[Collected data]
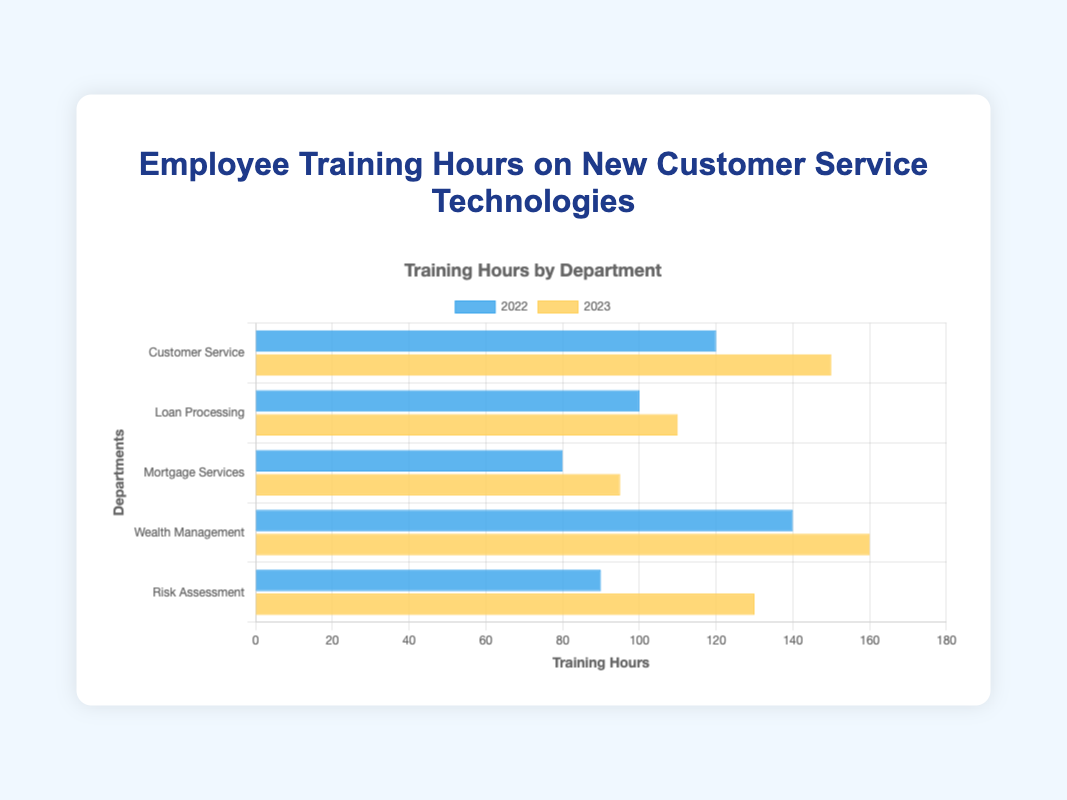Which department had the highest increase in training hours from 2022 to 2023? Subtract the training hours of each department in 2022 from their respective hours in 2023. The increases are: Customer Service (150-120=30), Loan Processing (110-100=10), Mortgage Services (95-80=15), Wealth Management (160-140=20), Risk Assessment (130-90=40). The highest increase is in Risk Assessment with 40 hours.
Answer: Risk Assessment Which department had the least change in training hours between 2022 and 2023? Calculate the difference in training hours for each department between 2022 and 2023: Customer Service (150-120=30), Loan Processing (110-100=10), Mortgage Services (95-80=15), Wealth Management (160-140=20), Risk Assessment (130-90=40). The least change is in Loan Processing with a 10-hour increase.
Answer: Loan Processing By how many hours did training in Wealth Management increase from 2022 to 2023? Subtract the training hours in 2022 from those in 2023 for Wealth Management: 160 - 140 = 20.
Answer: 20 Compare the total training hours for all departments in 2022 versus 2023 and identify which year had more training hours overall. Sum the training hours for all departments in both years: 2022 (120+100+80+140+90=530) and 2023 (150+110+95+160+130=645). Compare the totals: 645 is greater than 530, indicating that 2023 had more training hours overall.
Answer: 2023 had more training hours Which department had the most consistent training hours between 2022 and 2023? Consistency can be measured by the smallest difference in training hours between the two years. Calculate the differences: Customer Service (30), Loan Processing (10), Mortgage Services (15), Wealth Management (20), Risk Assessment (40). The smallest difference is in Loan Processing with a 10-hour difference.
Answer: Loan Processing In 2023, which department had the second highest training hours and what were they? Rank the departments based on their training hours in 2023: Wealth Management (160), Customer Service (150), Risk Assessment (130), Loan Processing (110), Mortgage Services (95). The second highest training hours were in Customer Service with 150 hours.
Answer: Customer Service, 150 How does the total increase in training hours for all departments from 2022 to 2023 compare to their total hours in 2022? First, calculate the total training hours for all departments in each year (2022: 530, 2023: 645). The total increase is 645 - 530 = 115. Now, compare 115 to the total hours in 2022, which is 530. The increase is less than the total training hours in 2022.
Answer: The increase (115) is less than the total hours in 2022 (530) Which department had fewer training hours in 2023 than Wealth Management did in 2022? Wealth Management had 140 training hours in 2022. Compare this to the hours for each department in 2023: Customer Service (150), Loan Processing (110), Mortgage Services (95), Wealth Management (160), Risk Assessment (130). The departments with fewer hours are Loan Processing and Mortgage Services.
Answer: Loan Processing and Mortgage Services What is the average training hours per department in 2023? Sum the total training hours for all departments in 2023 and divide by the number of departments: (150+110+95+160+130)/5 = 645/5 = 129.
Answer: 129 
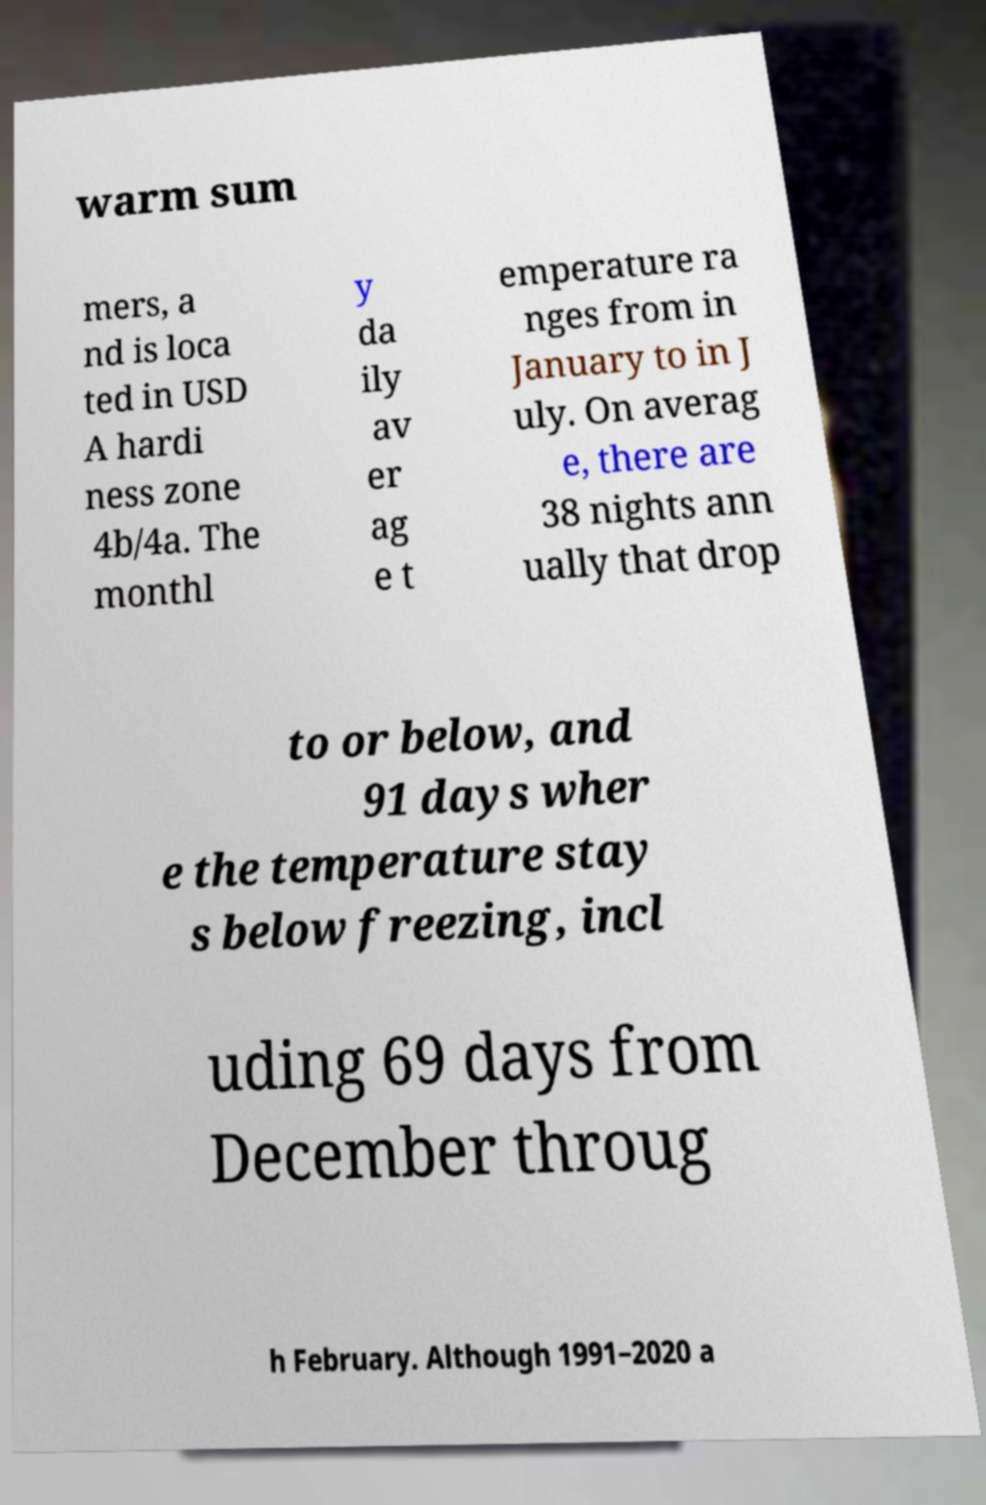I need the written content from this picture converted into text. Can you do that? warm sum mers, a nd is loca ted in USD A hardi ness zone 4b/4a. The monthl y da ily av er ag e t emperature ra nges from in January to in J uly. On averag e, there are 38 nights ann ually that drop to or below, and 91 days wher e the temperature stay s below freezing, incl uding 69 days from December throug h February. Although 1991–2020 a 
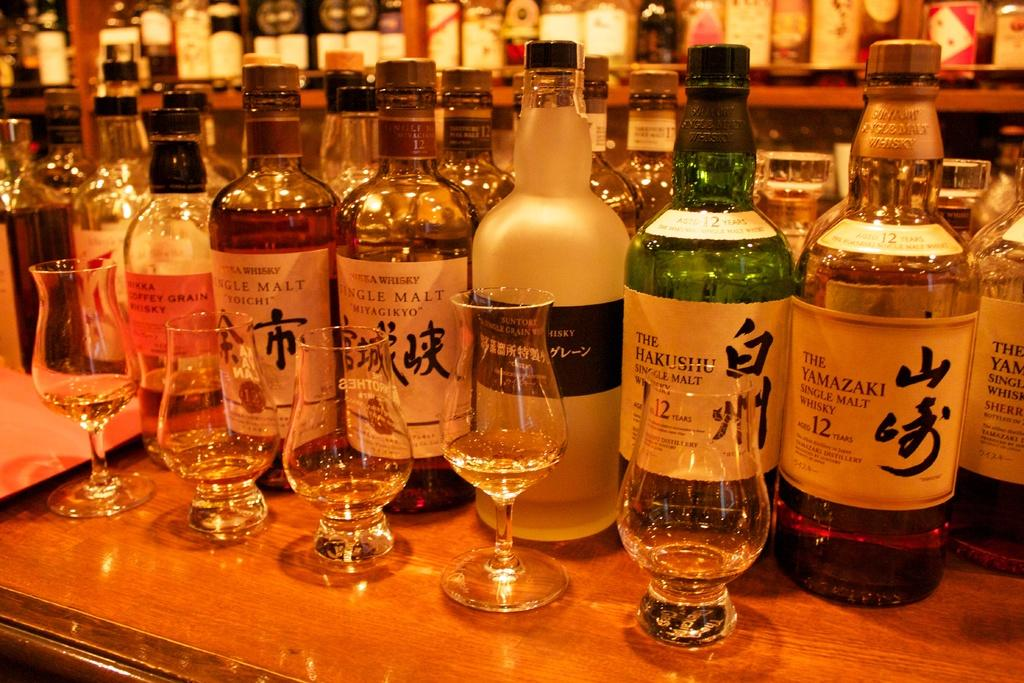<image>
Share a concise interpretation of the image provided. bottles of hakushu single malt with empty glasses 
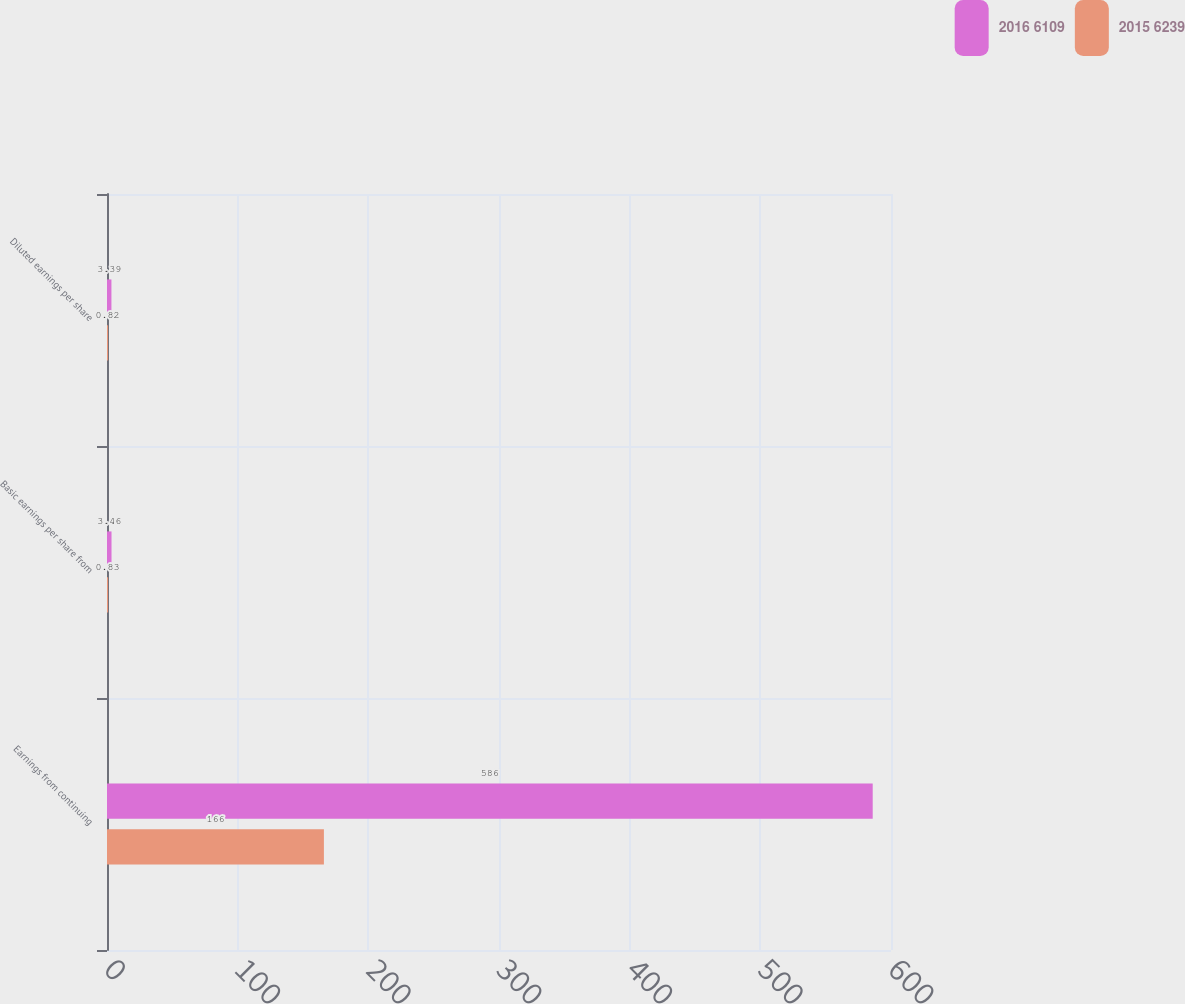Convert chart. <chart><loc_0><loc_0><loc_500><loc_500><stacked_bar_chart><ecel><fcel>Earnings from continuing<fcel>Basic earnings per share from<fcel>Diluted earnings per share<nl><fcel>2016 6109<fcel>586<fcel>3.46<fcel>3.39<nl><fcel>2015 6239<fcel>166<fcel>0.83<fcel>0.82<nl></chart>

- Action item -
Give back precisely the lines above that start at the line containing "Answer: The increase" and end at the line containing "Answer: 129", inclusive. No other lines belong in the output.

- Result of the task -
Answer: The increase (115) is less than the total hours in 2022 (530) Which department had fewer training hours in 2023 than Wealth Management did in 2022? Wealth Management had 140 training hours in 2022. Compare this to the hours for each department in 2023: Customer Service (150), Loan Processing (110), Mortgage Services (95), Wealth Management (160), Risk Assessment (130). The departments with fewer hours are Loan Processing and Mortgage Services.
Answer: Loan Processing and Mortgage Services What is the average training hours per department in 2023? Sum the total training hours for all departments in 2023 and divide by the number of departments: (150+110+95+160+130)/5 = 645/5 = 129.
Answer: 129 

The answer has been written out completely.